But in June 2006, Hillside, with almost an acre attached, sold under the hammer for €6.6m through the Lisney agency on the podium. The house had guided at €4.5m (AMV) and sold for almost 50pc above. Otherwise that week was grim with less than a quarter of properties offered selling - including more than 15 trophy properties guided at between €2m and €7m.

Hillside has just been brought back to market by private treaty once again through the Lisney agency. A decade on and the price is two thirds less at €2.25m. In the intervening years the house became the subject of a well reported court case involving a leading bank. Today the owner is keen to sell.

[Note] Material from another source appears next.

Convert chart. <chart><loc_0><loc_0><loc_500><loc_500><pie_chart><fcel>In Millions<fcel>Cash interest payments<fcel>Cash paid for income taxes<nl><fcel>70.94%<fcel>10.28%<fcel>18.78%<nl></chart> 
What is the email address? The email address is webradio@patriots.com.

Post boom, there is a real scarcity in Dublin of double fronted detached period homes on good sized sites. Most have long ago been demolished or had their large gardens devoured for town house estates and apartment blocks.

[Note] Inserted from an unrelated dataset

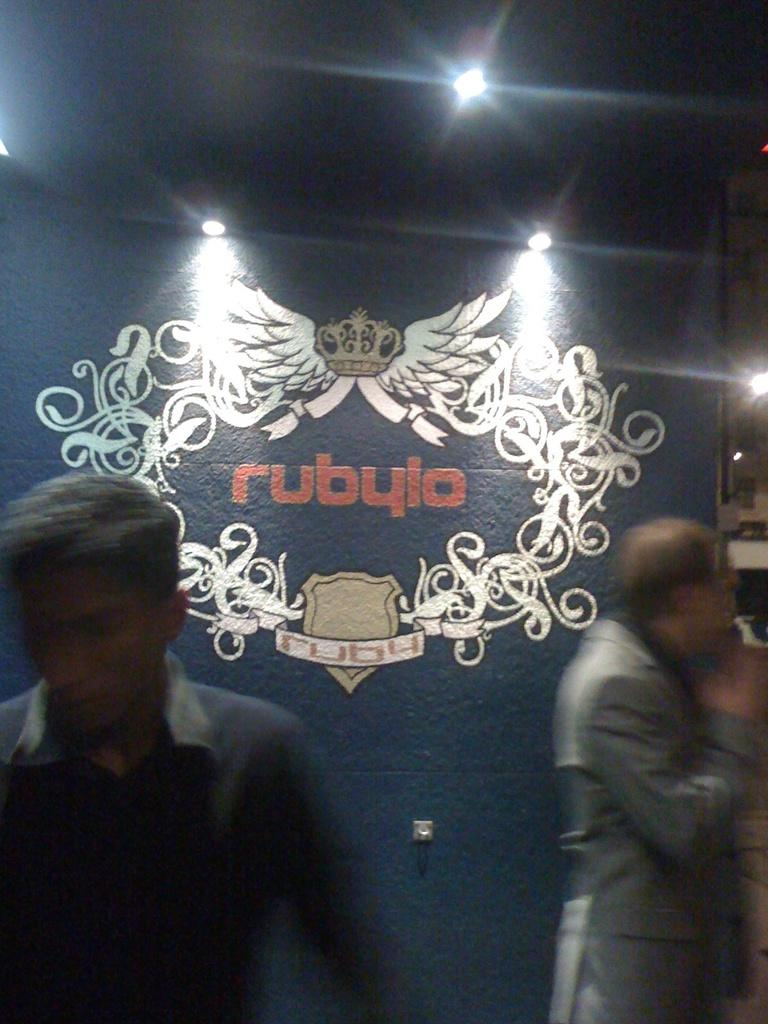Who or what is present in the image? There are people in the image. What can be seen on the wall in the background? There is an art piece on the wall in the background. What can be observed in terms of lighting in the image? There are lights visible in the image. What time of day is it in the image, specifically in the afternoon? The time of day cannot be determined from the image, as there is no indication of the time or the presence of the afternoon. 
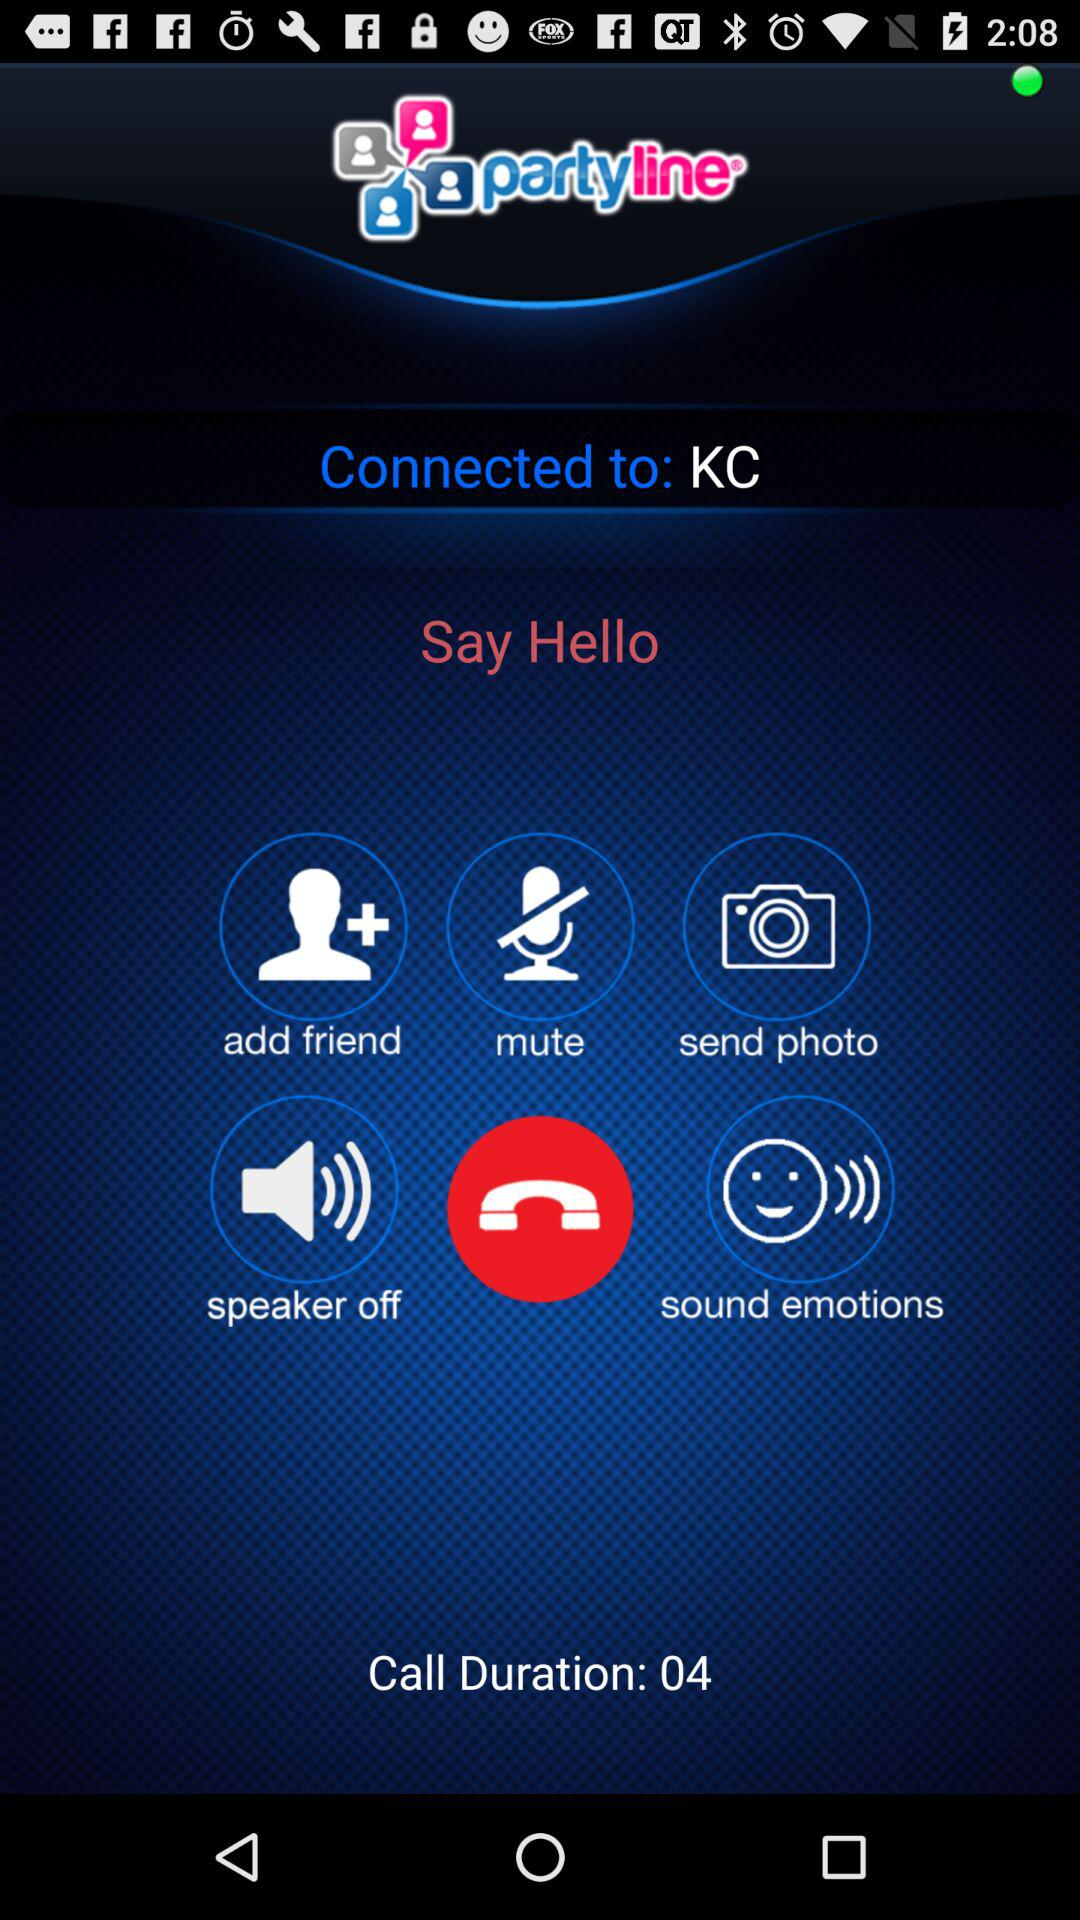How many seconds long is the call?
Answer the question using a single word or phrase. 4

While the house could perhaps do with having its kitchen and bathrooms updated, the overall condition is good, according to the agents. It spans 3,750 sq ft and includes a substantial entrance hall with a stone floor, ceiling coving and ceiling rose, a diningroom with timber floor and period fireplace, a drawingroom, family room and kitchen/breakfastroom with styling from Design House with a gas fired Aga.

There are five bedrooms with a plush ensuite off the master chamber that includes its own claw foot stand-alone tub. The gardens of just under an acre include an outdoor heated pool (dry at the moment) and a garage outbuilding. Importantly, the land also includes a two bedroom coach house with a rental potential of €1,500 per month.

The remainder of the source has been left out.